Where can I find which schools are eligible?
States were required to post a list of eligible and near-eligible schools by May 1st. Check out this map and click on your state to see the list of schools. If your state has not published the list yet, contact your state agency.
More Information and Resources
Share Our Strength
Center on Budget and Policy Priorities/Food Research and Action Center
US Department of Education
- Letter on Community Eligibility and Title I - This letter provides guidance on how schools can implement community eligibility while also implementing Title I requirements.
- Title I Guidance - This guidance is helpful for states, districts, and schools on understanding how to implement CEP for Title I schools.
US Department of Agriculture
Michigan Department of Education
- Community Eligibility Monthly Federal Reimbursement Calculator (.xls)
- Frequently Asked Questions on Community Eligibility
- Sample Letter to Households (.doc)
Illinois State Board of Education
Background on Community Eligibility
Congress established community eligibility with the passage of the Healthy, Hunger-Free Kids Act in 2010. USDA is phasing in implementation over three years, beginning in July 2011, with the program becoming a nationwide option for the 2014-15 school year. Illinois, Kentucky, and Michigan were the first three states to participate in July 2011 and New York, Ohio, West Virginia, and the District of Columbia began implementation in July 2012. USDA added Maryland, Florida, Georgia, and Massachusetts for the 2013-14 school year.

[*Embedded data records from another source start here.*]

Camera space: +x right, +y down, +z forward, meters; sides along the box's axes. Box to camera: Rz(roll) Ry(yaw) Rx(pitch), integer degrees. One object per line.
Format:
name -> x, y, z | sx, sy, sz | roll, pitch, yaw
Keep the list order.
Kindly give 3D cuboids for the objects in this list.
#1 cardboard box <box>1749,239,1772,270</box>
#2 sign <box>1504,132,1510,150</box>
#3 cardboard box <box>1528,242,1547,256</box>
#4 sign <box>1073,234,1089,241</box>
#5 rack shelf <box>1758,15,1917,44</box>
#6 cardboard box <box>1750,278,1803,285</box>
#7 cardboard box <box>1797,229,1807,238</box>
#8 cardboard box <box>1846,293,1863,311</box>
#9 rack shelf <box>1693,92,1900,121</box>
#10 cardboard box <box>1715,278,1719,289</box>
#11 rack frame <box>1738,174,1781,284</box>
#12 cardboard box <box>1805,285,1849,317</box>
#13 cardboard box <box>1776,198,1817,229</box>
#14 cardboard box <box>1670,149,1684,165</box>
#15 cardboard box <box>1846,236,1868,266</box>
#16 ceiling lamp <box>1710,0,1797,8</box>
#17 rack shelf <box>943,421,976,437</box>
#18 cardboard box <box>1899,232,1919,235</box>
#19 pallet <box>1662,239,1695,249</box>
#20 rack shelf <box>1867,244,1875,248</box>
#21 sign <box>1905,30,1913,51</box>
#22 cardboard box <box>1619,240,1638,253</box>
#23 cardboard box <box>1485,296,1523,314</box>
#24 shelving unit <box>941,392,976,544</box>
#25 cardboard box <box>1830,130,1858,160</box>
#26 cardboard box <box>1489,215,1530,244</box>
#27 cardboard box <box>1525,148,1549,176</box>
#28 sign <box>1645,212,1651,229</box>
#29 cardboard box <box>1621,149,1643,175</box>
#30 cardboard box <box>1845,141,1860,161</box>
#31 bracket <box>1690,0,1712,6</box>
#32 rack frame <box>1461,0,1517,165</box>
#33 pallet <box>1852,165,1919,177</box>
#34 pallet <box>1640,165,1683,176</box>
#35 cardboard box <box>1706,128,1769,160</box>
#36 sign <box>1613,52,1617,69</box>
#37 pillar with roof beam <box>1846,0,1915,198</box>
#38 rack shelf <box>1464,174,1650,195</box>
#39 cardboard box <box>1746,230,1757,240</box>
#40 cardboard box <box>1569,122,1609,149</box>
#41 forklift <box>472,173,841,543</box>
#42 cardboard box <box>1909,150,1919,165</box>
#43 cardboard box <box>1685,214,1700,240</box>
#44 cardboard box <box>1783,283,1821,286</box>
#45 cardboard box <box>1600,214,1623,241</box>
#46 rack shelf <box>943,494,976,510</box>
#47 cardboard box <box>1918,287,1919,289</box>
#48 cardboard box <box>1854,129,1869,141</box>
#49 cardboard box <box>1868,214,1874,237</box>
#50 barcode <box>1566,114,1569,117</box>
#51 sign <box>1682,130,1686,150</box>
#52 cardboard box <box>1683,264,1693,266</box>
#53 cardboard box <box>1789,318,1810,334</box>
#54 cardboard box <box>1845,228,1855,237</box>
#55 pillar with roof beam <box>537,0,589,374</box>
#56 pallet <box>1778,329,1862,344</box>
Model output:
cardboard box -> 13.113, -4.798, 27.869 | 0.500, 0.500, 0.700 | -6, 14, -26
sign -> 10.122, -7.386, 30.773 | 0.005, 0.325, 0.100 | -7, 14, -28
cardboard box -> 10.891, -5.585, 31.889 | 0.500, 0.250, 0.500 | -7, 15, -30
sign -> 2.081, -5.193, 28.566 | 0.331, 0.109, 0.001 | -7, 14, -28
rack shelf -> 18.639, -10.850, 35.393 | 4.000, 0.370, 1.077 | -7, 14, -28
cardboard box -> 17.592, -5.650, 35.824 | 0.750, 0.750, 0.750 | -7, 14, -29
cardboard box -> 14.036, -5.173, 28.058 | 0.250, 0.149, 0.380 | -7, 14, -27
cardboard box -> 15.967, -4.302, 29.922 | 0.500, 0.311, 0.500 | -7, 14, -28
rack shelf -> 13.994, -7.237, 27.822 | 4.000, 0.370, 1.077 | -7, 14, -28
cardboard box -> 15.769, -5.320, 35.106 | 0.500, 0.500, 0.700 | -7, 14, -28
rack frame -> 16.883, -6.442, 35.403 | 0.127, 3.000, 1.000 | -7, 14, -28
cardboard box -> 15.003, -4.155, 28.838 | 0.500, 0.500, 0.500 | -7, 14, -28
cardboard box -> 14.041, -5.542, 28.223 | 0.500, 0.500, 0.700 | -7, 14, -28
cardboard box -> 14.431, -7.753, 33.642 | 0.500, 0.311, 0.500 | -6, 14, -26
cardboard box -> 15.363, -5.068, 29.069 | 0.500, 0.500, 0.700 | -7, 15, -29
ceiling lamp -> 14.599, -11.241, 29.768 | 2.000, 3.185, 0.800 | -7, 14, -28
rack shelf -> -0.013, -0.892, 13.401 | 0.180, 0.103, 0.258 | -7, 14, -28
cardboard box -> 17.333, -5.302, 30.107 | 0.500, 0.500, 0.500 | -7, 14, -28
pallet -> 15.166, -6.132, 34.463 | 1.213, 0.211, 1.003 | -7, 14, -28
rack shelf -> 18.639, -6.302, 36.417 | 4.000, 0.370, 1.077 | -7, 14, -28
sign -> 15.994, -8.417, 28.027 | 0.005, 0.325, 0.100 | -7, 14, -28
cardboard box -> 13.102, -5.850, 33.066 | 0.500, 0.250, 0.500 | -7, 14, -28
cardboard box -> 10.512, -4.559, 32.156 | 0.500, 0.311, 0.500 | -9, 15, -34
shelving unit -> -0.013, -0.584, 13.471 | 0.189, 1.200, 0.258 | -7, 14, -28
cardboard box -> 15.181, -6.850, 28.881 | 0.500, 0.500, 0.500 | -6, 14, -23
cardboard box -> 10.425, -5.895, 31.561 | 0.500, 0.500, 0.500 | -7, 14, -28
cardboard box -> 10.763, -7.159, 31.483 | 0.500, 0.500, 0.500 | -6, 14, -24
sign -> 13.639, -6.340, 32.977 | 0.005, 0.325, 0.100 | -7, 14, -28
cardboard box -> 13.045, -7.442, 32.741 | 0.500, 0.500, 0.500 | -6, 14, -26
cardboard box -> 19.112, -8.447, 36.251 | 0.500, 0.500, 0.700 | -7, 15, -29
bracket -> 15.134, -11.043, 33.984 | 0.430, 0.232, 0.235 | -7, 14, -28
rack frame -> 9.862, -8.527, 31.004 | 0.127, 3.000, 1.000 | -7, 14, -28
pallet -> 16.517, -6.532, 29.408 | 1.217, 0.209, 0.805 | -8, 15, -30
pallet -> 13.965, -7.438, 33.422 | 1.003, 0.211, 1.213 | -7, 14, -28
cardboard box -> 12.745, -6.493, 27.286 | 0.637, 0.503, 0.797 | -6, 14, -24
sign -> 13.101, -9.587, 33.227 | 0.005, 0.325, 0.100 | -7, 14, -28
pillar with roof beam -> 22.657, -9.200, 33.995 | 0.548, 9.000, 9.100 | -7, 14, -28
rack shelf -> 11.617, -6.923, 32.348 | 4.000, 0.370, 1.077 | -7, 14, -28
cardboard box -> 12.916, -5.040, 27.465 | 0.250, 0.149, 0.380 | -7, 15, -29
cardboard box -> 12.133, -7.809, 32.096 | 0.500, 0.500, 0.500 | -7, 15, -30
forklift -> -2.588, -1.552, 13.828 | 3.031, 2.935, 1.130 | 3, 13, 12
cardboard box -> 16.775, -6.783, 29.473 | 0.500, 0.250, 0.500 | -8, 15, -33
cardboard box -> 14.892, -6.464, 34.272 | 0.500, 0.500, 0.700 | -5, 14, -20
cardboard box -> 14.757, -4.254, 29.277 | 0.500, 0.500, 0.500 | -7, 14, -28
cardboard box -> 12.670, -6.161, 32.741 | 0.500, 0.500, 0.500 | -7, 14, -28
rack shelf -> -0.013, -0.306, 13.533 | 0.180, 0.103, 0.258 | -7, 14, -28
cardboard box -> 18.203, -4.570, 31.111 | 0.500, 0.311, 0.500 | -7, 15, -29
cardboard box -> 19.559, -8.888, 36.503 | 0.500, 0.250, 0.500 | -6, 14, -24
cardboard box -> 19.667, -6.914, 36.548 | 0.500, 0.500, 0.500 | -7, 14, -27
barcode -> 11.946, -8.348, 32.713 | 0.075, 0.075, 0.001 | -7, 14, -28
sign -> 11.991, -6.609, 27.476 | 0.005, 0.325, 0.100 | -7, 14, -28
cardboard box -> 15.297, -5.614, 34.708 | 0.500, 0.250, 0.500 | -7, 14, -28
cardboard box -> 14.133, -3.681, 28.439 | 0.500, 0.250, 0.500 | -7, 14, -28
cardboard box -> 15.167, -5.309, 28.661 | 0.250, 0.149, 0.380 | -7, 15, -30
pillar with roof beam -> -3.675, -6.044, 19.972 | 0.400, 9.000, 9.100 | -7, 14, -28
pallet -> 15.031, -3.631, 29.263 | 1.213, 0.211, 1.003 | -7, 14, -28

How does Community Eligibility work?
Community eligibility enables schools to serve breakfast and lunch at no cost to all students and eliminates the need for schools to collect paper applications by basing reimbursement levels on “identified students”. Identified students are either:
- Directly certified based on their household’s participation in the Supplemental Nutrition Assistance Program (SNAP, formerly known as food stamps), Temporary Assistance for Needy Families (TANF, or cash assistance), or the Food Distribution Program on Indian Reservations (FDPIR).
- Considered homeless, migrant, runaway, Head Start, or foster children.

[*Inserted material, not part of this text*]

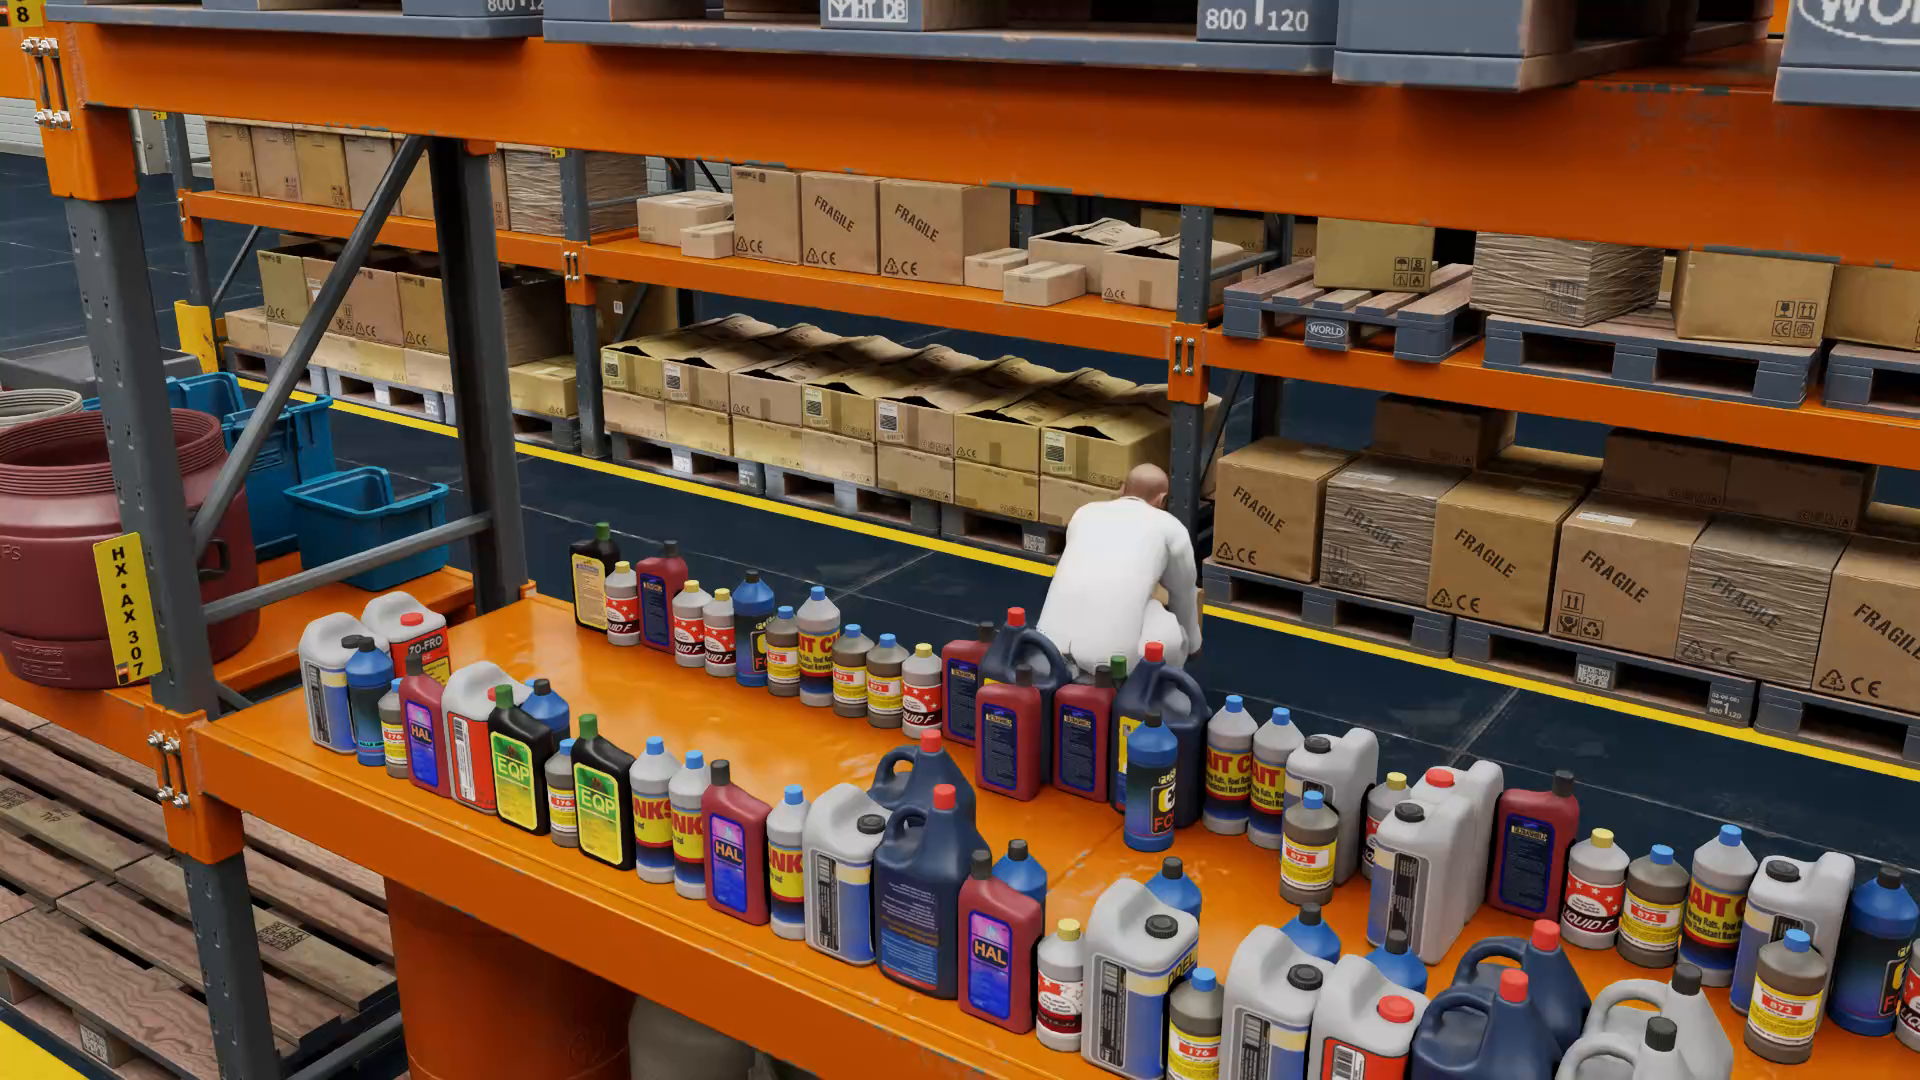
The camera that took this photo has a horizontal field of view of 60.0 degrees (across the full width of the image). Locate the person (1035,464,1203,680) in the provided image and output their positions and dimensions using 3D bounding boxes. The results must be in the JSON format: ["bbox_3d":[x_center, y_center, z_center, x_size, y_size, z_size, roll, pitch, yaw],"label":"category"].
[{"bbox_3d":[0.639,0.263,6.511,0.579,1.008,0.919,12,23,31],"label":"person"}]

Schools can be considered individually, as a group of schools within a district, or as a whole district. If they have 40 percent or more identified students in the previous year, it is eligible for community eligibility. Schools determine the reimbursement rates they can claim by multiplying the identified student percentage by 1.6. The resulting number, capped at 100%, is the percentage of total meals reimbursed at the “free” rate. The remainder are reimbursed at the “paid” rate.
For example, if Banneker Elementary School has 100 students and 50 are considered “identified students”, the identified student percentage is 50%. The school would then multiply 50 x 1.6 to yield a free reimbursement rate of 80 percent and a paid reimbursement rate of 20 percent. If Banneker Elementary served 1000 breakfasts in a month, 800 would be claimed for free reimbursement while 200 would be claimed for paid reimbursement.
If a school has 62.5% identified students, it reaches the threshold at which all meals can be claimed for free reimbursement, because 62.5 x 1.6 = 100.
The identified student percentage remains valid for up to four years, but schools can adjust upwards if they have reason to believe that the identified student percentage has increased. However, the rate cannot go down if the identified student percentage declines.